During World War II, the British constructed the road as a wartime measure along the region’s hilly terrain for the movement of their troops and supplies and the people of Manipur started using as a National Highway later”, he explained .

He said, “This old roadway has been prone to landslides in the past and will remain so in the future.

In the other hilly districts also, areas where landslides have occurred already in the past are more likely to face it again.

Since people are not aware of earlier instances of landslides, they settle in these areas ignorant of the fact a landslide may occur at any moment.

So, relevant specialists like geologists and civil engineers must be included while preparing to build roads or bridges so as to ascertain the locations and sites where they can be safely built and to avoid potential and catastrophic landslides” .

He further added that due care must be taken as most areas in the hills are places where landslide has occurred in the past .

“To cut deep into the base of the hill while constructing National Highways or village roads is even more hazardous.

Either while constructing roads and bridges or settling down in a new place, prior consultation must be had with the concerned experts as well as village chiefs and respective DCs.

It may be an oversight but the Seismological Observatory has never come across any kind of survey involving any geologist or civil engineer so far.

Besides, there are further causes of worry with the rise of temperature due to global warming, shifting cultivation, storing of water for fisheries and deforestation which all makes it easier for landslides to happen”, Manichandra warned .

He also said that the normal amount of rainfall in a year is about 1500 mm but it has already reached approximately 1300 mm till the month of July .

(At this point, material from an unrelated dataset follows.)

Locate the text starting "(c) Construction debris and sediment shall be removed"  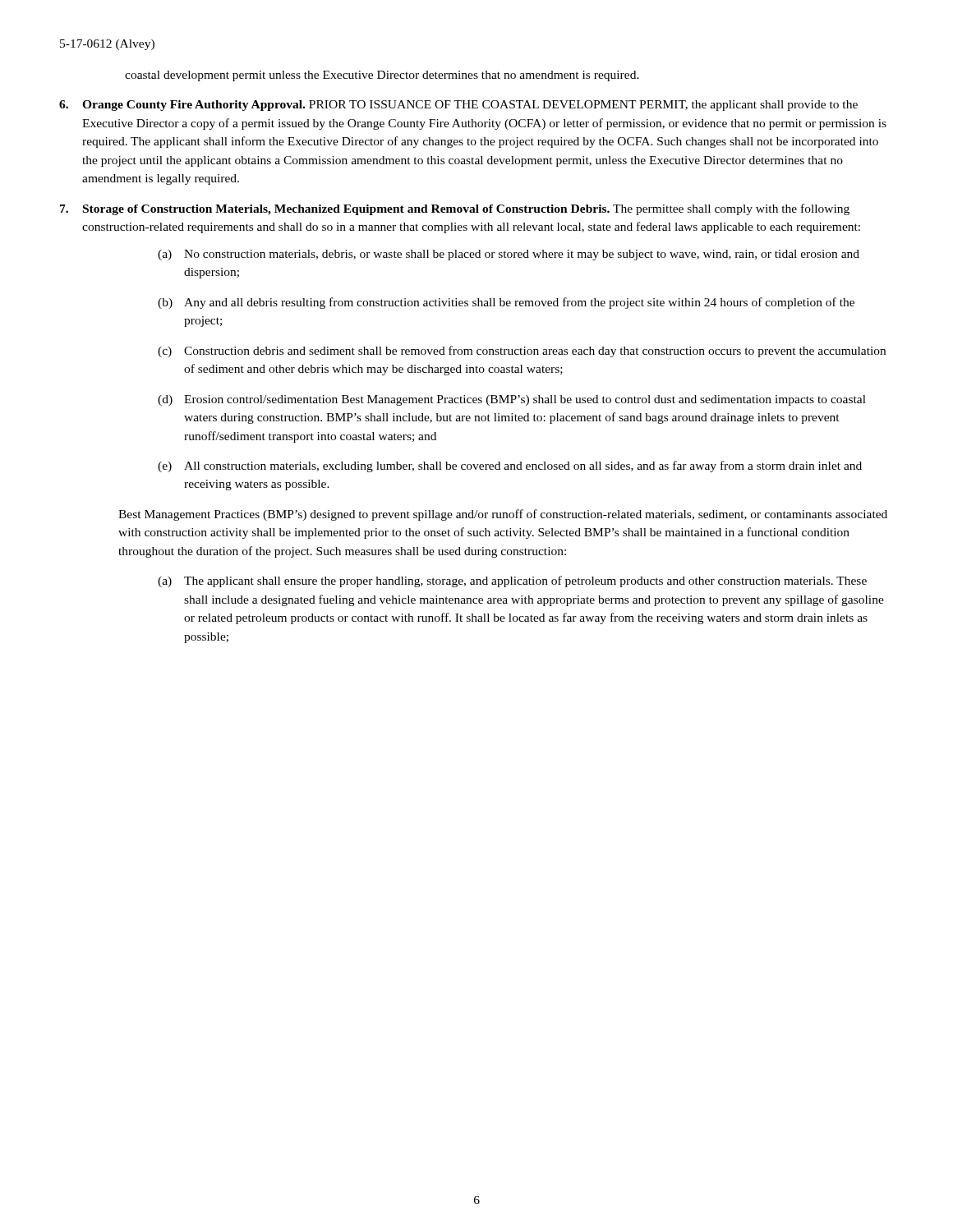[526, 360]

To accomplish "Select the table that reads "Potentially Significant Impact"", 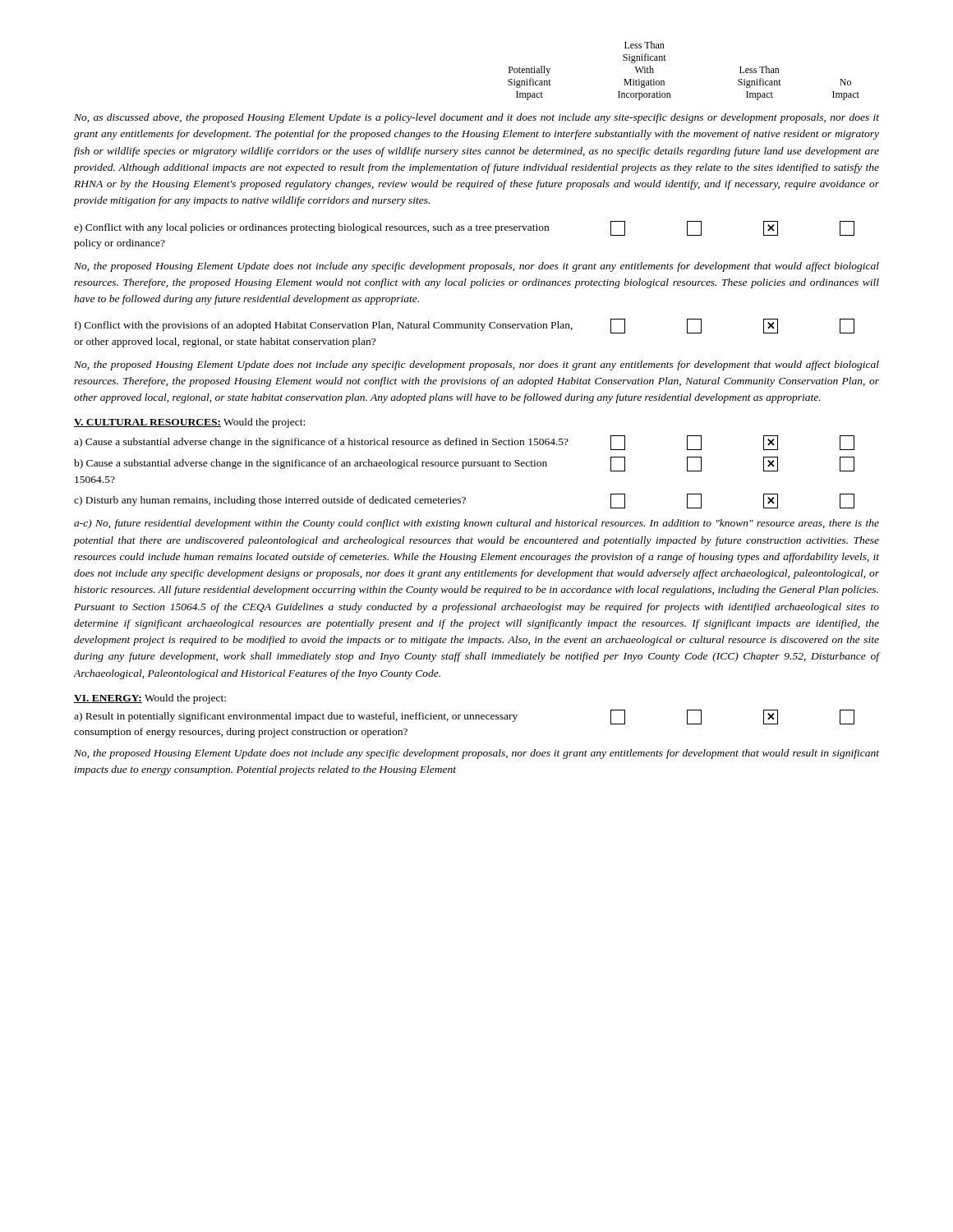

“That leaves only 200 mm for the rest of the year which is quite less and therefore there might be a possibility of drought as well”, he added .

Manichandra also said that he has submitted various papers to the State Government over the years to include geologists and civil engineers while constructing roads and bridges in the hills.

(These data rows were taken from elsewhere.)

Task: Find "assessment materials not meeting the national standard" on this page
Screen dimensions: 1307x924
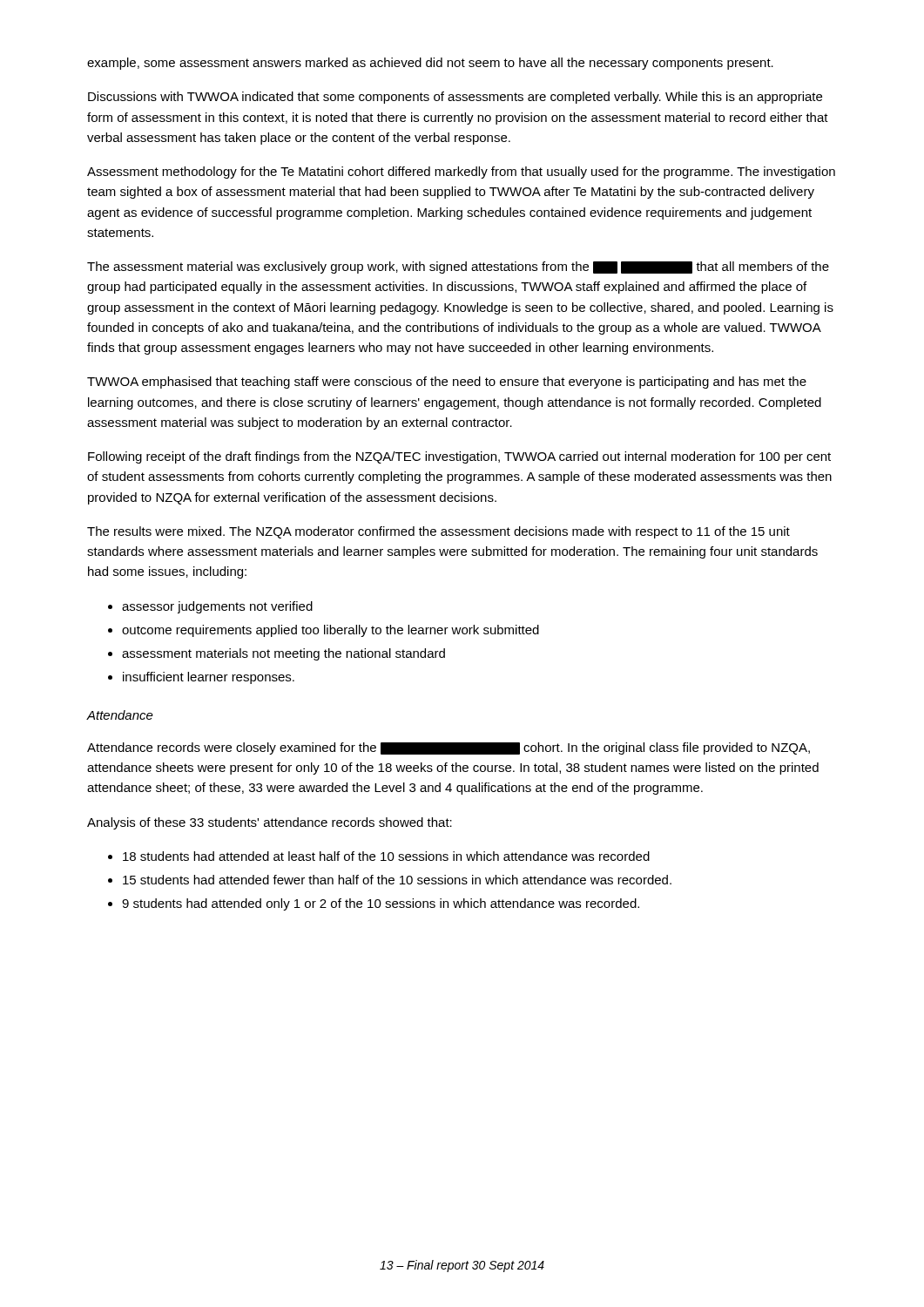Action: (x=284, y=653)
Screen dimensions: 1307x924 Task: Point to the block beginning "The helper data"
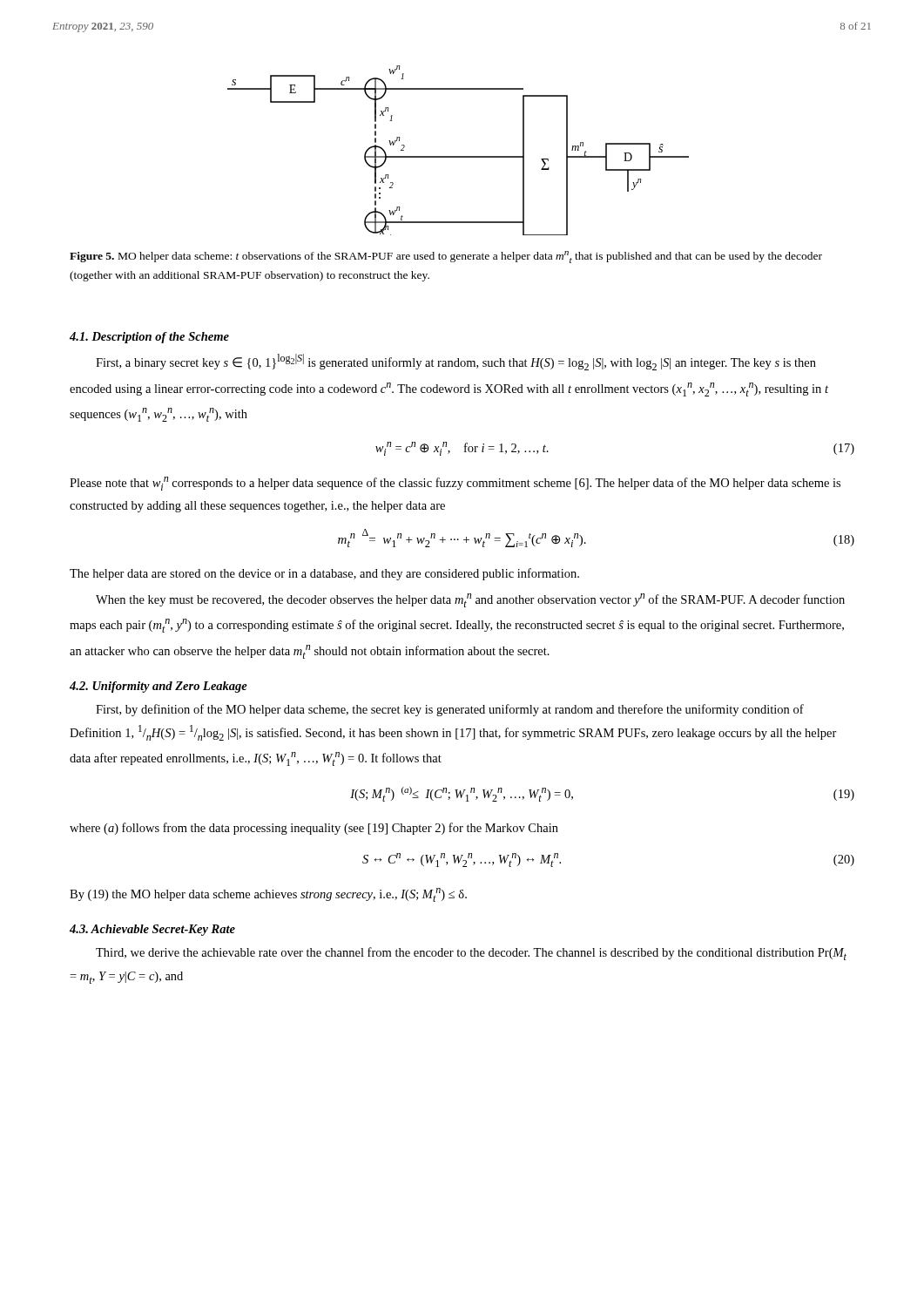(x=325, y=573)
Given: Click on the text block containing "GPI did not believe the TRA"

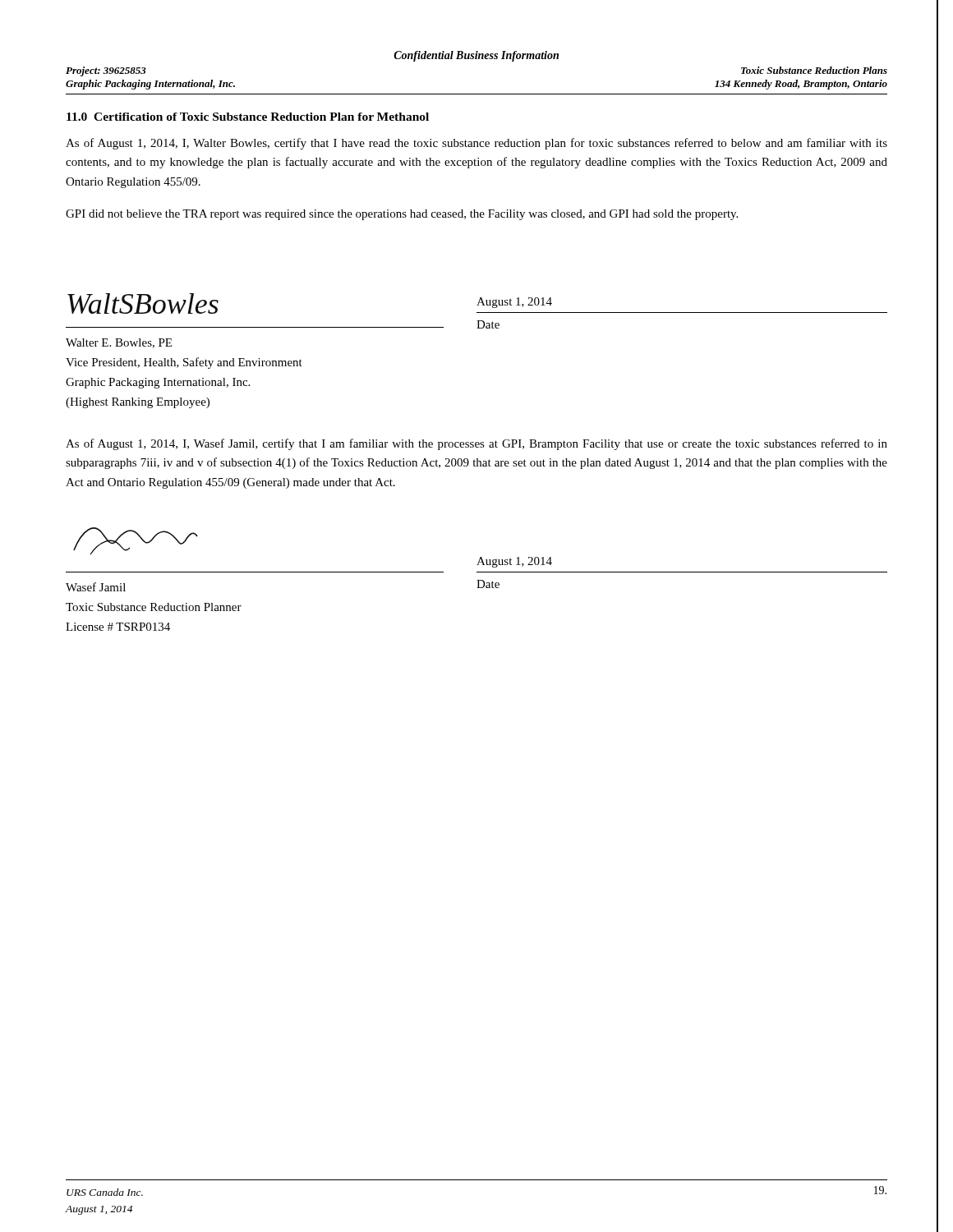Looking at the screenshot, I should click(402, 213).

“Unfortunately, no action has been taken so far on the suggestions of the Seismological Observatory”, Manichandra stated .

Since Manipur lies in an earthquake prone zone, he asked the people to consult the experts while constructing their houses .

“As the Indian Plate dives under the Myanmar Plate, Manipur lies in the Seismic Zone V.Because of the fluctuation in the temperature, there has been immense changes on the earth’s crust which is rather unfortunate”, he said .

The Seismological Observatory is a project under Professor Arunkumar of the Earth Sciences Department of Manipur University .

A GPS Station has been positioned on a hilltop inside MU campus since the last 12 years and another is stationed at the Langthabal Khoupum hilltop since 2014, he also added.